Game Chef Thoughts (Part 6)

I loke the idea of evolving story needs to match character development, and vice versa as a symbiotic feedback loop. In a game of 100+ players, that can prove problematic.

The typical sweet-spot for RPGs, 4-5 players, allows for individuals to pull against the collective centre of the story for a short time, before someone else pulls the collective centre in their direction. The whole story is a dynamic tension between the players, the GM and the rule set. In a 100+ player game, a single person trying to pull the story in a given direction finds it much harder to make significant impact due to the overwhelming inertia of so many other players. If a player wants to pull the story in a given direction, they need to gather a band of like minded companions to help. It's still possible, but it tends to take a group to derail things rather than an individual.

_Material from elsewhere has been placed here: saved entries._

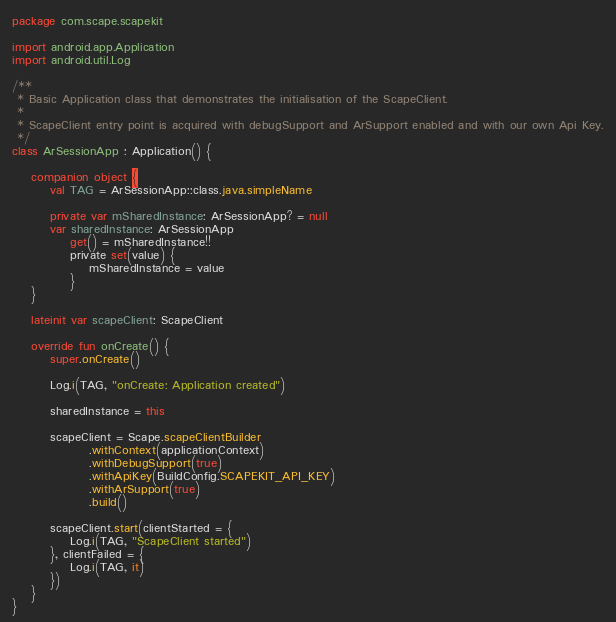<code> <loc_0><loc_0><loc_500><loc_500><_Kotlin_>package com.scape.scapekit

import android.app.Application
import android.util.Log

/**
 * Basic Application class that demonstrates the initialisation of the ScapeClient.
 *
 * ScapeClient entry point is acquired with debugSupport and ArSupport enabled and with our own Api Key.
 */
class ArSessionApp : Application() {

    companion object {
        val TAG = ArSessionApp::class.java.simpleName

        private var mSharedInstance: ArSessionApp? = null
        var sharedInstance: ArSessionApp
            get() = mSharedInstance!!
            private set(value) {
                mSharedInstance = value
            }
    }

    lateinit var scapeClient: ScapeClient

    override fun onCreate() {
        super.onCreate()

        Log.i(TAG, "onCreate: Application created")

        sharedInstance = this

        scapeClient = Scape.scapeClientBuilder
                .withContext(applicationContext)
                .withDebugSupport(true)
                .withApiKey(BuildConfig.SCAPEKIT_API_KEY)
                .withArSupport(true)
                .build()

        scapeClient.start(clientStarted = {
            Log.i(TAG, "ScapeClient started")
        }, clientFailed = {
            Log.i(TAG, it)
        })
    }
}</code> 
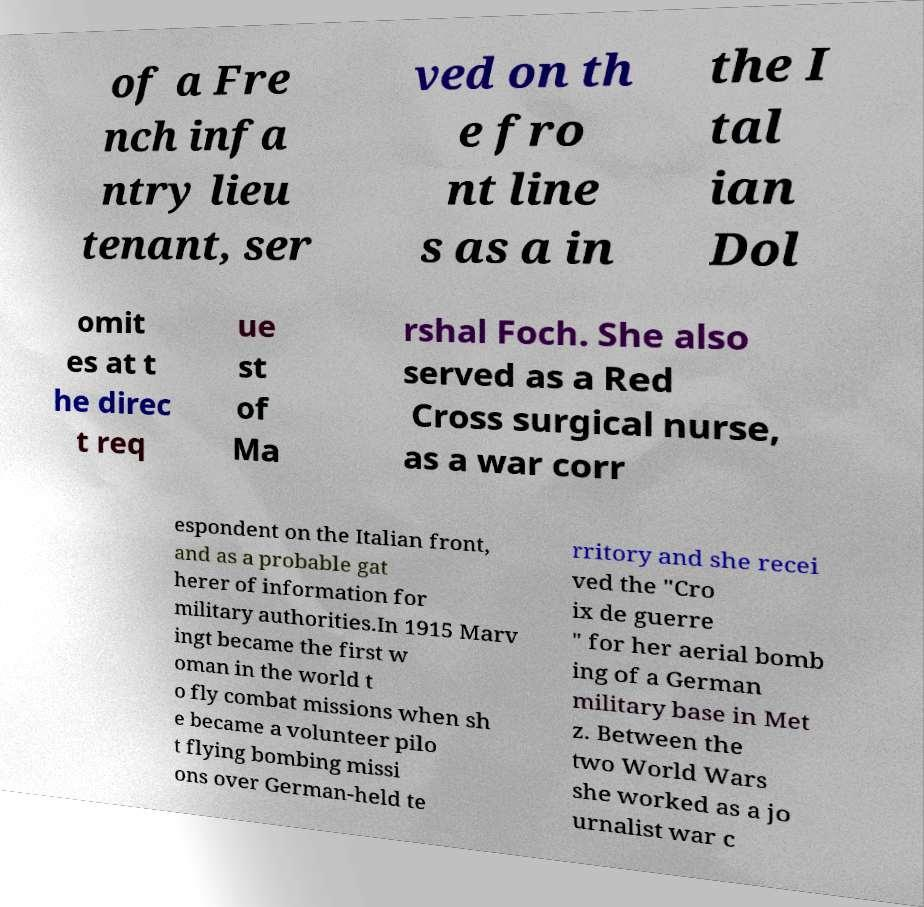For documentation purposes, I need the text within this image transcribed. Could you provide that? of a Fre nch infa ntry lieu tenant, ser ved on th e fro nt line s as a in the I tal ian Dol omit es at t he direc t req ue st of Ma rshal Foch. She also served as a Red Cross surgical nurse, as a war corr espondent on the Italian front, and as a probable gat herer of information for military authorities.In 1915 Marv ingt became the first w oman in the world t o fly combat missions when sh e became a volunteer pilo t flying bombing missi ons over German-held te rritory and she recei ved the "Cro ix de guerre " for her aerial bomb ing of a German military base in Met z. Between the two World Wars she worked as a jo urnalist war c

To link character develop and story into such a large framework means minimising a lot of the minutiae, otherwise there is simply too much to keep track of. I'm thinking of developing some story cards, each being a tiny objective, and once a player completes that objective they are given a new one. Each objective provides some minor bonus, it probably takes about half an hour to complete, and by the time six to eight have been resolved, a character will have told a specific story arc. Many of these story cards will require certain other objectives in the game to be met, some will be event drivers in themselves. It blows the word count, so maybe this is something to consider more carefully after Game Chef is over.